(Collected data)
━━━

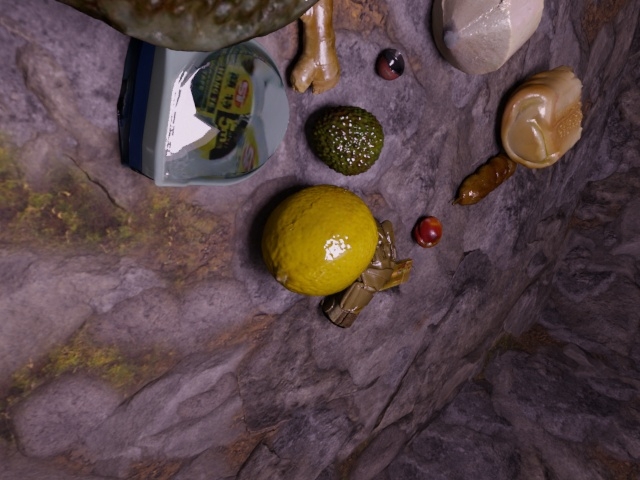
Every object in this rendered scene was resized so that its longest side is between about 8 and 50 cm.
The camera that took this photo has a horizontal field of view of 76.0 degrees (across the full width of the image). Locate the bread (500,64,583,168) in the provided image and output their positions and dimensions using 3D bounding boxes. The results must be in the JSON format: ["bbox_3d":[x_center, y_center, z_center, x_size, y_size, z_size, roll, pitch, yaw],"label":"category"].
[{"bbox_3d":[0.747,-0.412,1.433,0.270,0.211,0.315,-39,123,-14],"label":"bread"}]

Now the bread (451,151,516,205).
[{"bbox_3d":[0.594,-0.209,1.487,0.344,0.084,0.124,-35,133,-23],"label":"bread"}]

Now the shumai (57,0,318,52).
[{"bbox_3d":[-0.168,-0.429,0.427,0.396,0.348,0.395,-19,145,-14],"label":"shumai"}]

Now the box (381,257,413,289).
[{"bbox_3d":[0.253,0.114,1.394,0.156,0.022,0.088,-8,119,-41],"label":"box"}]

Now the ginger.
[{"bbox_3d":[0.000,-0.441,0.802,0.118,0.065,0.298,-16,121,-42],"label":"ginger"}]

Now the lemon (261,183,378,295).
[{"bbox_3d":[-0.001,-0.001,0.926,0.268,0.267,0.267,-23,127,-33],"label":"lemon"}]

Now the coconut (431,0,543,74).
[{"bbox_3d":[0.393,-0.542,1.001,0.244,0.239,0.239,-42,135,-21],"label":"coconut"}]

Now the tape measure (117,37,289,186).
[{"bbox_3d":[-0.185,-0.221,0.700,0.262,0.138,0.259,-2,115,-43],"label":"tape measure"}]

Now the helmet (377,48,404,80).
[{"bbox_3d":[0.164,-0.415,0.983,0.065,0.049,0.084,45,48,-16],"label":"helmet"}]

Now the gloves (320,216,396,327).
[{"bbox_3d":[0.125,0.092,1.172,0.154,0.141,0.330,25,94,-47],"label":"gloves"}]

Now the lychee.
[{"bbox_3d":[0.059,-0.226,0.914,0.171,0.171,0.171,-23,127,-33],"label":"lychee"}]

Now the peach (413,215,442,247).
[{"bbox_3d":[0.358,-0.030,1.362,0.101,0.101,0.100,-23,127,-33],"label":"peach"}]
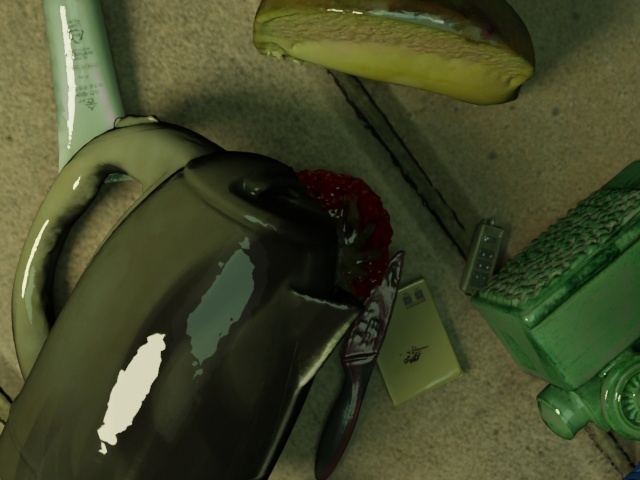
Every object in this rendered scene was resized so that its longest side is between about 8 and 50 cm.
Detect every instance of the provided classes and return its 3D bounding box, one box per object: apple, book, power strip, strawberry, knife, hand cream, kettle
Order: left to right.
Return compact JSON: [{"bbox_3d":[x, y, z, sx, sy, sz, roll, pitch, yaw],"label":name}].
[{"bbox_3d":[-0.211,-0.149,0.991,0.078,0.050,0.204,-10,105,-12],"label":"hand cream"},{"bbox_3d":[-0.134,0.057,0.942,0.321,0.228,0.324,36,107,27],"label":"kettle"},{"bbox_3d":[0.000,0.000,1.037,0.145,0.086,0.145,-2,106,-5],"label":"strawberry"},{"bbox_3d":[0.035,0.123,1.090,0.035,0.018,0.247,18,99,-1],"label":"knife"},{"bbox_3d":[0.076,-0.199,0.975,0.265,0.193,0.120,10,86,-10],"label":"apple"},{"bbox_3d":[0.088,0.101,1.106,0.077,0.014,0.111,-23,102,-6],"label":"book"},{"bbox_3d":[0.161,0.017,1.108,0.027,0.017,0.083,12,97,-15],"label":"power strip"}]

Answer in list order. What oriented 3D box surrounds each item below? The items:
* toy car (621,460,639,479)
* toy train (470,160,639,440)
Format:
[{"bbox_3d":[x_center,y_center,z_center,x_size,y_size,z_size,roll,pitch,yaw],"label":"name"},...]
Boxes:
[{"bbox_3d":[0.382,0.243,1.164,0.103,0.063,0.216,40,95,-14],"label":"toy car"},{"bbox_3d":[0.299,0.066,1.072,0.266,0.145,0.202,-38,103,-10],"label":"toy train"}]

━━━

# Exercise
With the images removed, give back every entry exactly as shown.

# Result for this exercise
Every object in this rendered scene was resized so that its longest side is between about 8 and 50 cm.
The camera that took this photo has a horizontal field of view of 76.0 degrees (across the full width of the image). Locate the bread (500,64,583,168) in the provided image and output their positions and dimensions using 3D bounding boxes. The results must be in the JSON format: ["bbox_3d":[x_center, y_center, z_center, x_size, y_size, z_size, roll, pitch, yaw],"label":"category"].
[{"bbox_3d":[0.747,-0.412,1.433,0.270,0.211,0.315,-39,123,-14],"label":"bread"}]

Now the bread (451,151,516,205).
[{"bbox_3d":[0.594,-0.209,1.487,0.344,0.084,0.124,-35,133,-23],"label":"bread"}]

Now the shumai (57,0,318,52).
[{"bbox_3d":[-0.168,-0.429,0.427,0.396,0.348,0.395,-19,145,-14],"label":"shumai"}]

Now the box (381,257,413,289).
[{"bbox_3d":[0.253,0.114,1.394,0.156,0.022,0.088,-8,119,-41],"label":"box"}]

Now the ginger.
[{"bbox_3d":[0.000,-0.441,0.802,0.118,0.065,0.298,-16,121,-42],"label":"ginger"}]

Now the lemon (261,183,378,295).
[{"bbox_3d":[-0.001,-0.001,0.926,0.268,0.267,0.267,-23,127,-33],"label":"lemon"}]

Now the coconut (431,0,543,74).
[{"bbox_3d":[0.393,-0.542,1.001,0.244,0.239,0.239,-42,135,-21],"label":"coconut"}]

Now the tape measure (117,37,289,186).
[{"bbox_3d":[-0.185,-0.221,0.700,0.262,0.138,0.259,-2,115,-43],"label":"tape measure"}]

Now the helmet (377,48,404,80).
[{"bbox_3d":[0.164,-0.415,0.983,0.065,0.049,0.084,45,48,-16],"label":"helmet"}]

Now the gloves (320,216,396,327).
[{"bbox_3d":[0.125,0.092,1.172,0.154,0.141,0.330,25,94,-47],"label":"gloves"}]

Now the lychee.
[{"bbox_3d":[0.059,-0.226,0.914,0.171,0.171,0.171,-23,127,-33],"label":"lychee"}]

Now the peach (413,215,442,247).
[{"bbox_3d":[0.358,-0.030,1.362,0.101,0.101,0.100,-23,127,-33],"label":"peach"}]
Every object in this rendered scene was resized so that its longest side is between about 8 and 50 cm.
Detect every instance of the provided classes and return its 3D bounding box, one box per object: apple, book, power strip, strawberry, knife, hand cream, kettle
Order: left to right.
Return compact JSON: [{"bbox_3d":[x, y, z, sx, sy, sz, roll, pitch, yaw],"label":name}].
[{"bbox_3d":[-0.211,-0.149,0.991,0.078,0.050,0.204,-10,105,-12],"label":"hand cream"},{"bbox_3d":[-0.134,0.057,0.942,0.321,0.228,0.324,36,107,27],"label":"kettle"},{"bbox_3d":[0.000,0.000,1.037,0.145,0.086,0.145,-2,106,-5],"label":"strawberry"},{"bbox_3d":[0.035,0.123,1.090,0.035,0.018,0.247,18,99,-1],"label":"knife"},{"bbox_3d":[0.076,-0.199,0.975,0.265,0.193,0.120,10,86,-10],"label":"apple"},{"bbox_3d":[0.088,0.101,1.106,0.077,0.014,0.111,-23,102,-6],"label":"book"},{"bbox_3d":[0.161,0.017,1.108,0.027,0.017,0.083,12,97,-15],"label":"power strip"}]

Answer in list order. What oriented 3D box surrounds each item below? The items:
* toy car (621,460,639,479)
* toy train (470,160,639,440)
Format:
[{"bbox_3d":[x_center,y_center,z_center,x_size,y_size,z_size,roll,pitch,yaw],"label":"name"},...]
Boxes:
[{"bbox_3d":[0.382,0.243,1.164,0.103,0.063,0.216,40,95,-14],"label":"toy car"},{"bbox_3d":[0.299,0.066,1.072,0.266,0.145,0.202,-38,103,-10],"label":"toy train"}]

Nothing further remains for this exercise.